- _YOUR TASK_: Would you give the number of lines below in which the string "helmet" appears? Nothing else is needed.

- _DATA EXTRACT_:
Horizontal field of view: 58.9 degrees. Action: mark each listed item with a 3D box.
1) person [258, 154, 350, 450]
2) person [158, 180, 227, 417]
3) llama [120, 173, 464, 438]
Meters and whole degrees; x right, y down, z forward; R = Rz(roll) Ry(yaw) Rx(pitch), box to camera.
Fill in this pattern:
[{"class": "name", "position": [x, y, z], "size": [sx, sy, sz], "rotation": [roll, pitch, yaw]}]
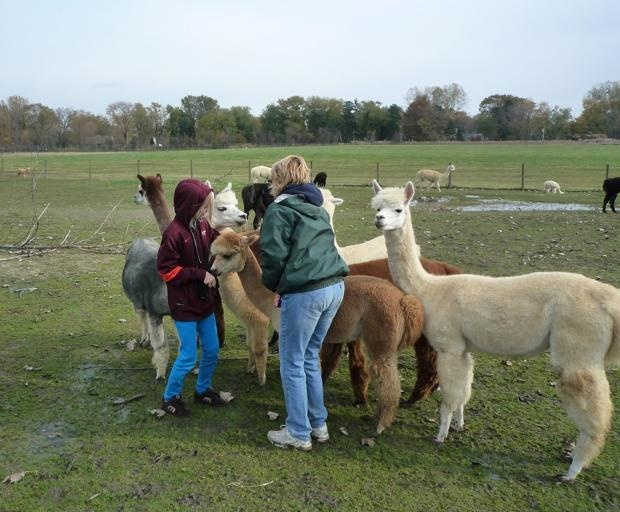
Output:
[{"class": "person", "position": [-0.046, 0.417, 4.677], "size": [0.578, 2.480, 0.577], "rotation": [4, 13, 22]}, {"class": "person", "position": [-1.148, 0.390, 5.162], "size": [0.640, 2.176, 0.455], "rotation": [-7, 13, -26]}, {"class": "llama", "position": [0.129, 0.390, 6.007], "size": [1.855, 4.468, 2.087], "rotation": [9, 12, 42]}]
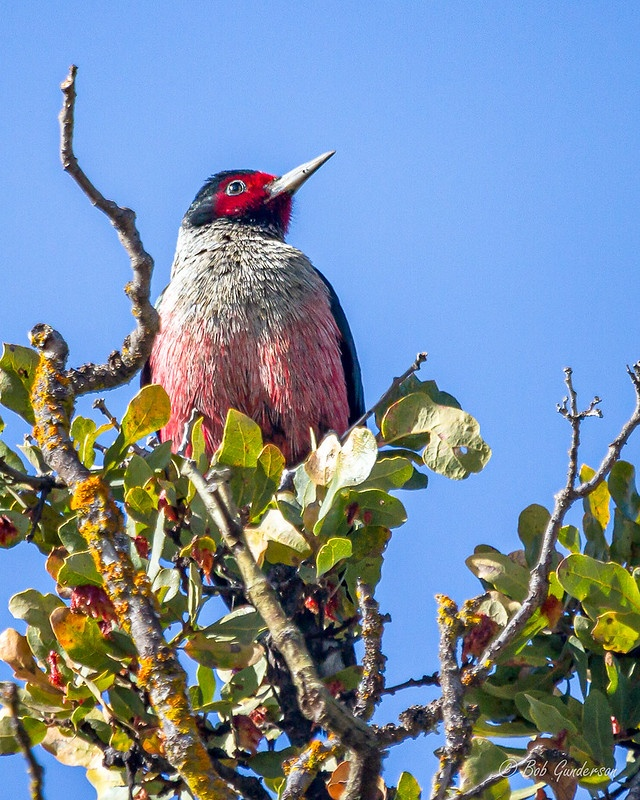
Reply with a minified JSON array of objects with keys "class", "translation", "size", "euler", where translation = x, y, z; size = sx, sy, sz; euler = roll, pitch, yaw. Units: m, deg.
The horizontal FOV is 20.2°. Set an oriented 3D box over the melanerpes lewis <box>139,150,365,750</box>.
[{"class":"melanerpes lewis","translation":[-0.381,0.286,7.741],"size":[0.883,2.445,2.410],"euler":[4,-49,-5]}]
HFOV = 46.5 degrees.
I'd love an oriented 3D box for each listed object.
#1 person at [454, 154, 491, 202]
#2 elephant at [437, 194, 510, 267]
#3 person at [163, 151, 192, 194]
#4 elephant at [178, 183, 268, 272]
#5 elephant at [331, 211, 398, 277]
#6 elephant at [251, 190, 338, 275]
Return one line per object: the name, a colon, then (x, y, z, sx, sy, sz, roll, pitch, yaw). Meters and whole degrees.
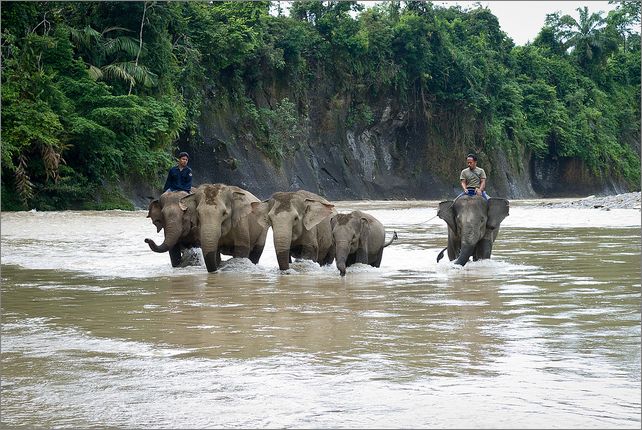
person: (3.225, -0.803, 15.739, 0.521, 0.960, 2.153, 1, 0, 11)
elephant: (2.904, 0.290, 14.586, 1.287, 1.361, 0.982, 1, 0, 35)
person: (-2.916, -0.842, 15.300, 0.544, 0.847, 0.539, 6, 4, -2)
elephant: (-1.899, 0.365, 14.917, 1.480, 1.884, 2.608, -2, -2, 7)
elephant: (0.684, 0.508, 14.442, 0.756, 1.201, 2.179, 1, 0, 23)
elephant: (-0.351, 0.278, 14.194, 1.547, 1.471, 1.085, 1, 0, -44)
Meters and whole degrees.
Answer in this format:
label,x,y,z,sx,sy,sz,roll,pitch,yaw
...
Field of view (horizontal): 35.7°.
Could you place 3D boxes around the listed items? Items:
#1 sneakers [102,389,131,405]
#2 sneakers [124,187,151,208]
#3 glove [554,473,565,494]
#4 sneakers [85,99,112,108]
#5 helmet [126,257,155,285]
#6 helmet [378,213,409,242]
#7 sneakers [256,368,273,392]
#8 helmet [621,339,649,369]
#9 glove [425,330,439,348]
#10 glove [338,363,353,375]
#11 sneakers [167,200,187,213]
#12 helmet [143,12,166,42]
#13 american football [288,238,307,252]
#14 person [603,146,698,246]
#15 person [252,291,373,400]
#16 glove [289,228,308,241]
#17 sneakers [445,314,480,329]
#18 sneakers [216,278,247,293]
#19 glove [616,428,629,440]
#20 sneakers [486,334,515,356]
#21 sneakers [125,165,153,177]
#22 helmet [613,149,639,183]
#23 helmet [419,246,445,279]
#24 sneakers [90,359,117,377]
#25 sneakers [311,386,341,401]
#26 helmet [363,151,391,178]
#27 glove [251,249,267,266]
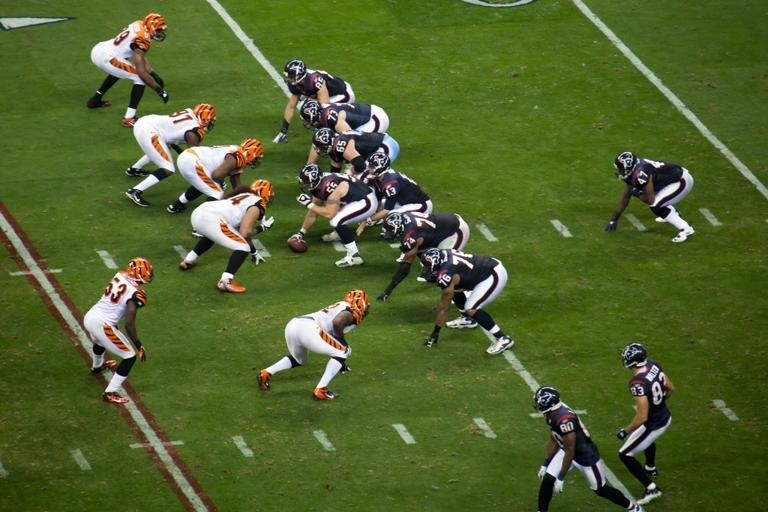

- _OUTPUT OF THE TASK_: 7